2. The computer system according to claim 1, wherein:

each node is configured to control information interaction between nodes of the computer system through the first interconnection structure and the second interconnection structure.

3. The computer system according to claim 1, wherein n is 2, two first node controllers of two nodes in each node group are directly connected to form a first line interconnection structure, and two second node controllers of two nodes in each node group are directly connected into a second line interconnection structure.

4. The computer system according to claim 1, wherein n is greater than or equal to 3, two first node controllers of every two neighboring nodes in each node group are directly connected to form a first n-sided polygon interconnection structure, and two second node controllers of every two neighboring nodes in each node group are directly connected to form a second n-sided polygon interconnection structure.
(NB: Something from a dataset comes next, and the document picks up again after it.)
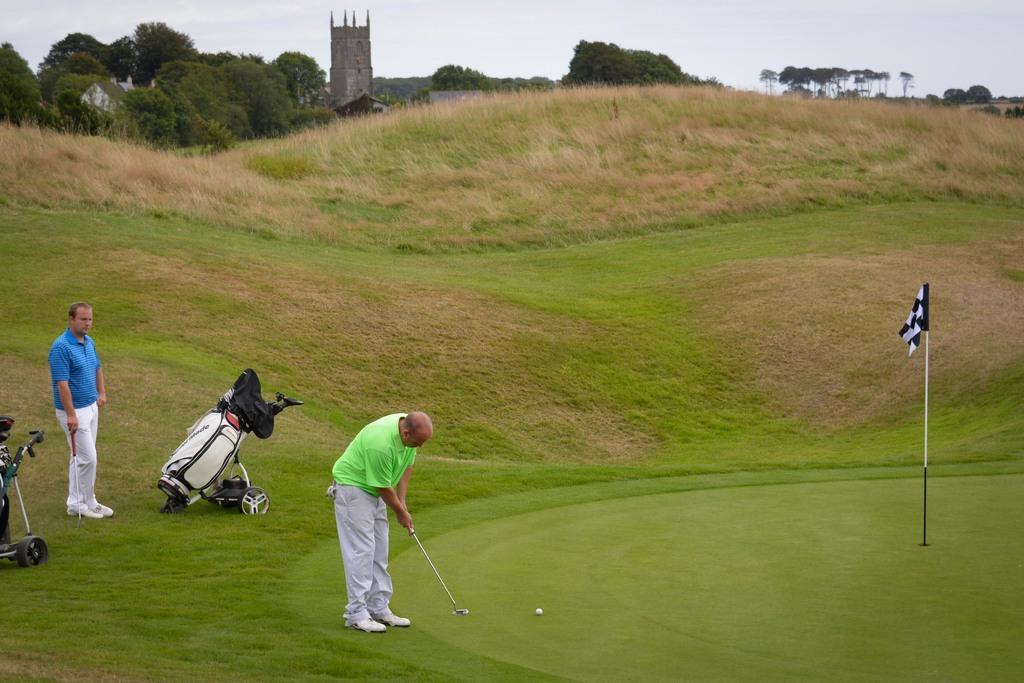In one or two sentences, can you explain what this image depicts? In this picture I can see a man who is standing in front and I see that he is holding a golf bat in his hands and I see a ball near to him and on the right of this image I see a flag on a pole and on the left side of this image I see a man who is standing and holding a golf bat in his hand and I see 2 things near to him. In the background I see the grass, trees, few buildings and the sky. 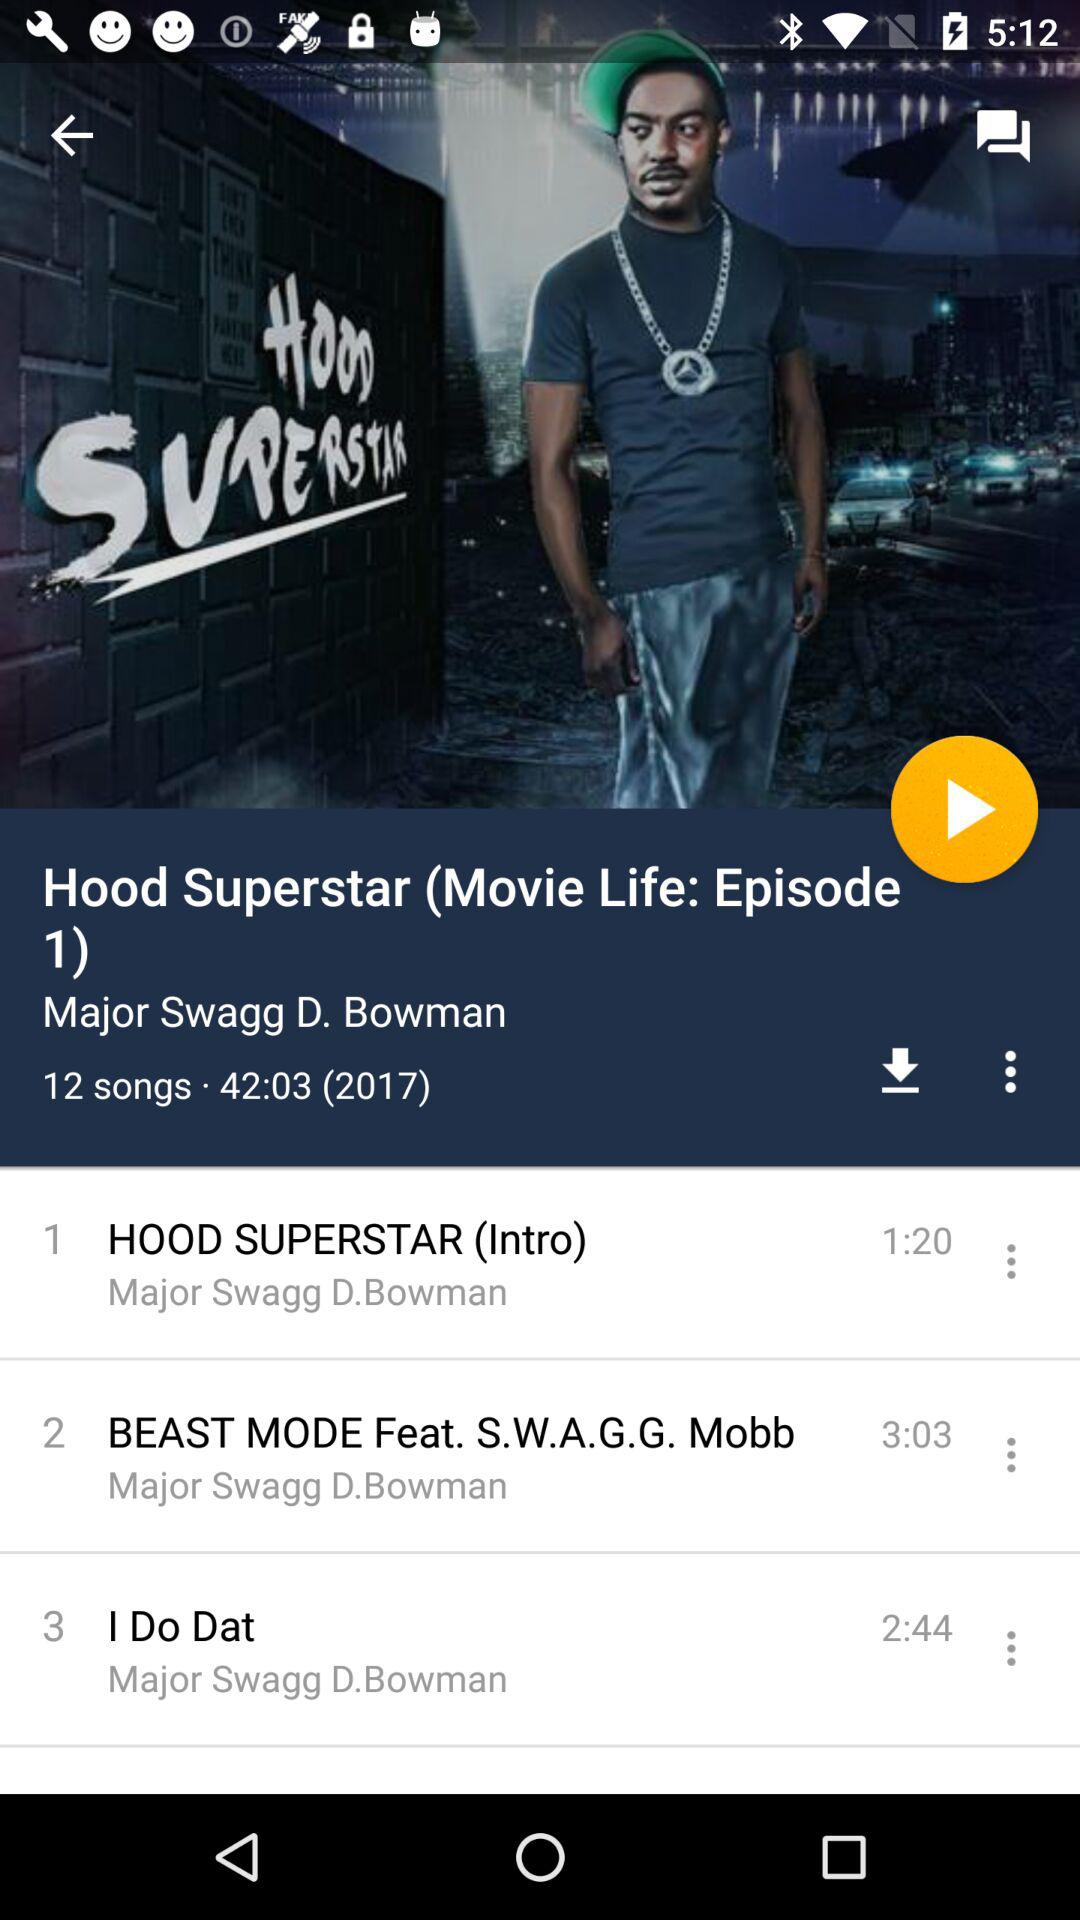What is the length of the song "I Do Dat"? The length of the song "I Do Dat" is 2 minutes 44 seconds.

5. The computer system according to claim 4, wherein n is 4, two first node controllers of every two neighboring nodes of 4 nodes are directly connected to form a first quadrangular interconnection structure, and two second node controllers of every two neighboring nodes of 4 nodes are directly connected to form a second quadrangular interconnection structure.

6. The computer system according to claim 4, wherein n is greater than or equal to 4, two first node controllers of any two nodes in each node group are directly connected to form a first n-sided cross connection structure, and two second node controllers of any two nodes in each node group are directly connected to form a second n-sided cross connection structure.

7. The computer system according to claim 6, wherein n is 4, two first node controllers of any two nodes of 4 nodes are directly connected to form a first quadrangular cross connection structure, and two second node controllers of any two nodes of 4 nodes are directly connected to form a second quadrangular cross connection structure.

8. The computer system according to claim 4, wherein m is greater than or equal to 2, all node groups are arranged in a stacked manner, and nodes of two neighboring node groups are correspondingly connected into a dual n-sided prism interconnection structure, wherein first node controllers of the nodes in a neighboring node group are connected in a one-to-one relationship to form a first n-sided prism interconnection structure, second node controllers of the nodes in a neighboring node group are connected in a one-to-one relationship to form a second n-sided prism interconnection structure.

9. The computer system according to claim 8, wherein m is 2 and n is 4, a first node controller of each node in a first node group is connected with a first node controller of each node in a second node group in a one-to-one relationship to form a first 4-sided prism interconnection structure, and a second node controller of each node in a first node group is connected with a second node controller of each node in a second node group in a one-to-one relationship to form a second 4-sided prism interconnection structure.

10. The computer system according to claim 1, wherein each node comprises one or more storage units, and the one or more storage units of each node are connected with the multiple CPUs of each node.

11. The computer system according to claim 10, wherein each node comprises four CPUs, every two of the four CPUs are connected directly with each other, the four CPUs comprise two CPU groups, two CPUs in a first CPU group are connected with the first node controller, two CPUs in a second CPU group are connected with the second node controller.

12. The computer system according to claim 11, wherein each node comprises four storage units, and the four CPUs are correspondingly connected with the four storage units respectively in a one-to-one relationship.

13. The computer system according to claim 1, wherein through QPI bus connection, the first node controllers of the nodes in the computer system are interconnected, and the second node controllers of the nodes in the computer system are interconnected.

14. The computer system according to claim 13, wherein through the QPI bus connection, the first node controllers of each node in the computer system and the CPUs within a same node are connected, the second node controllers of each node in the computer system and the CPUs within a same node are connected.